The British invasion forces consisted of ten divisions from the British Army, three divisions of Anzacs [Australian and New Zealand Army Corps] from Australia and New Zealand, an Indian infantry brigade, including Gurkha soldiers from Nepal, and the Newfoundland Regiment. Additionally, the Indian Mule Corps and the Zion Mule Corps – which was largely raised from Jewish refugees living in Alexandria – were absolutely crucial to keeping the army supplied.
British troops landed at Cape Helles on the tip of the peninsula and Anzac troops halfway down the western shore. Things went wrong almost immediately. The Anzacs were landed too far from their objective, and at the base of sheer cliffs. Scaling them cost valuable time and allowed the Ottoman forces to keep them pinned against the coast.

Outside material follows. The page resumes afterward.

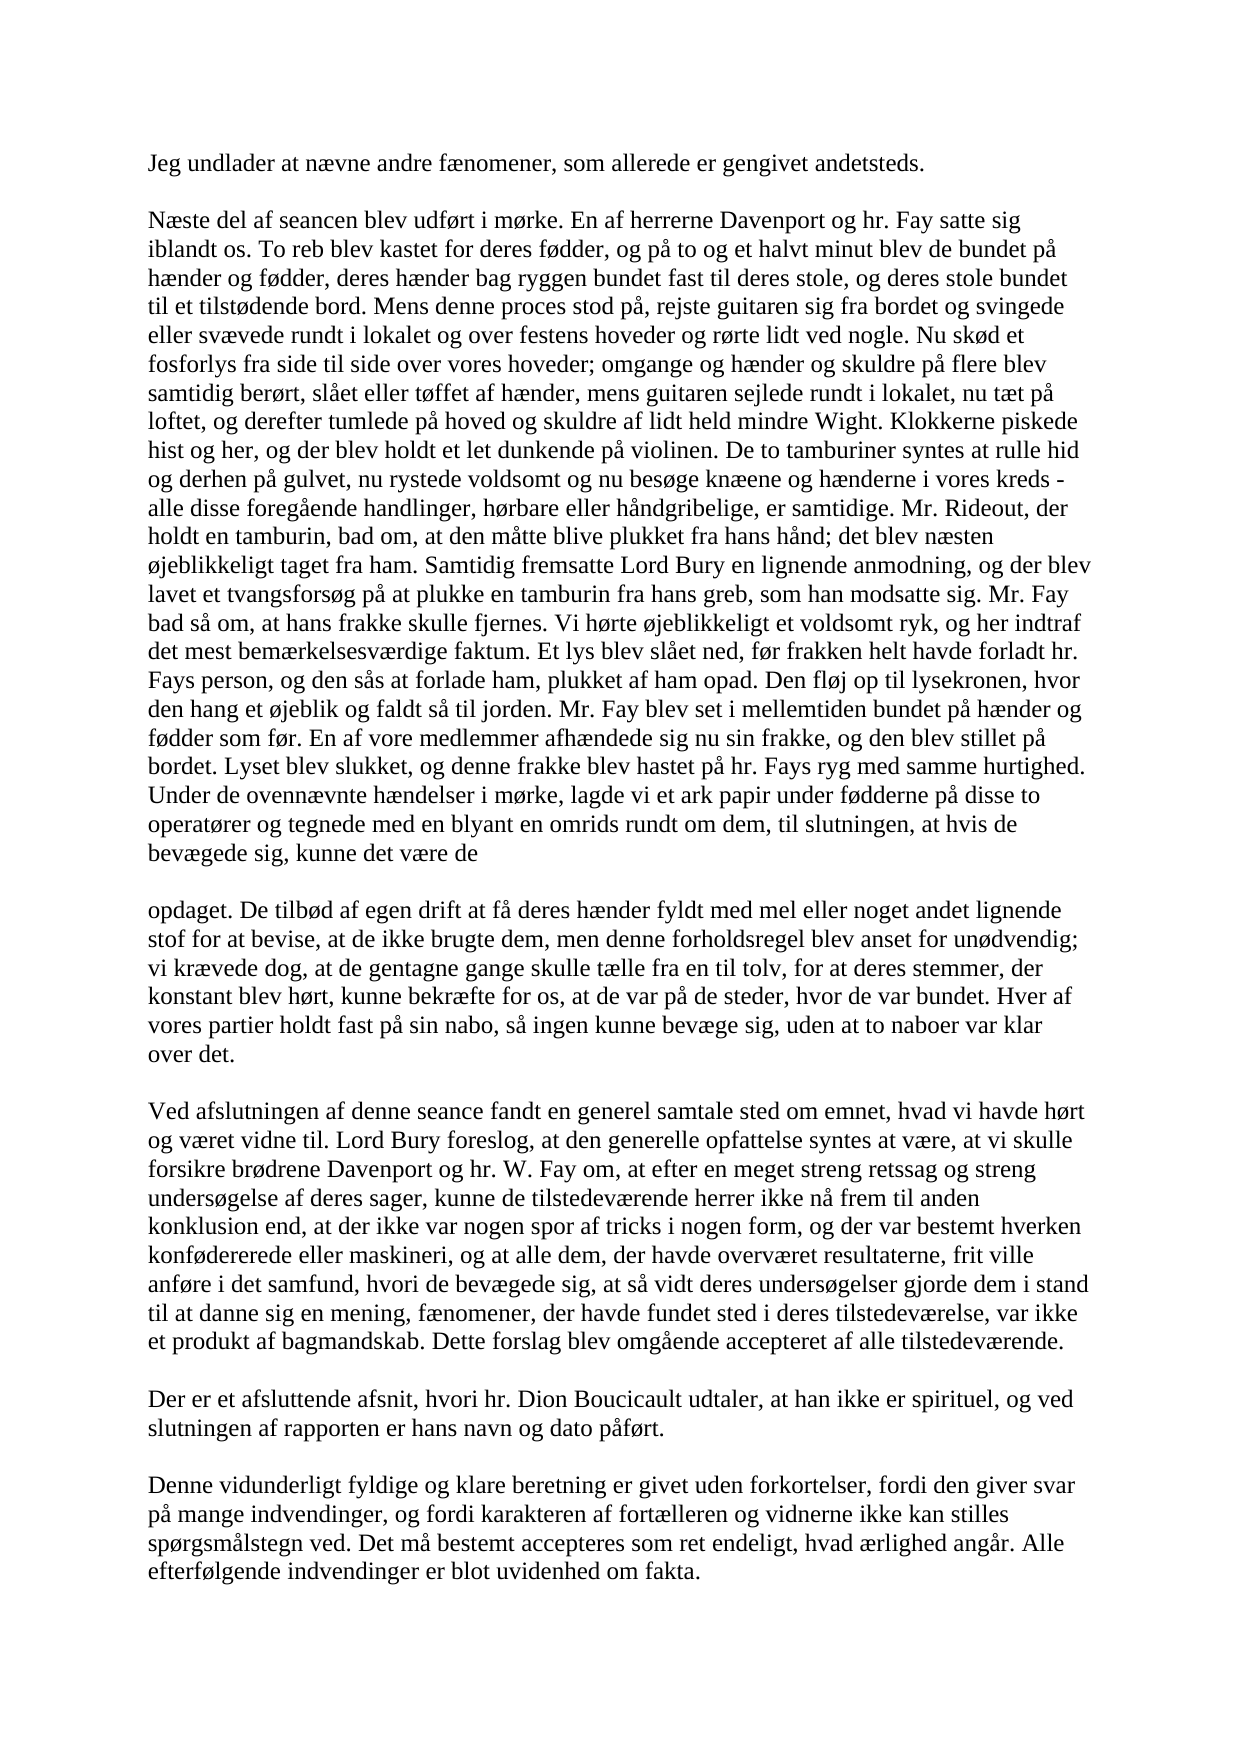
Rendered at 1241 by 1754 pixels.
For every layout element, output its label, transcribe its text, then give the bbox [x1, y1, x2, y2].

Though the Anzacs held their clifftop positions tenaciously, and the British made several attempts to break out, they were contained by the Ottoman troops. As the summer heat and deaths from heatstroke and disease mounted, an attempt was made to open a third front at Suvla Bay. But this, too, ended in failure.
When Bulgaria joined the Central Powers in October 1915, evacuation became the only option. This was the most successful operation of the campaign. The Ottomans suspected nothing and over 35,000 troops and their equipment were re-embarked with very few casualties.
A million men fought in the eight-and-a-half-month series of battles. Overall casualties were high: the Allies lost almost 60,000 dead and 120,000 wounded.
In spite of the bravery of the troops, with 37 VCs [Victoria Crosses] awarded, the knockout blow had failed and a long campaign through Palestine and Syria had to be fought in order to defeat the Ottomans. The campaign’s chief architect, Winston Churchill, became a political outcast.
Yet the suffering and sacrifice had not all been for nothing. From it the Australians and New Zealanders developed their sense of identity – new nations that were born on the shores of the Dardanelles.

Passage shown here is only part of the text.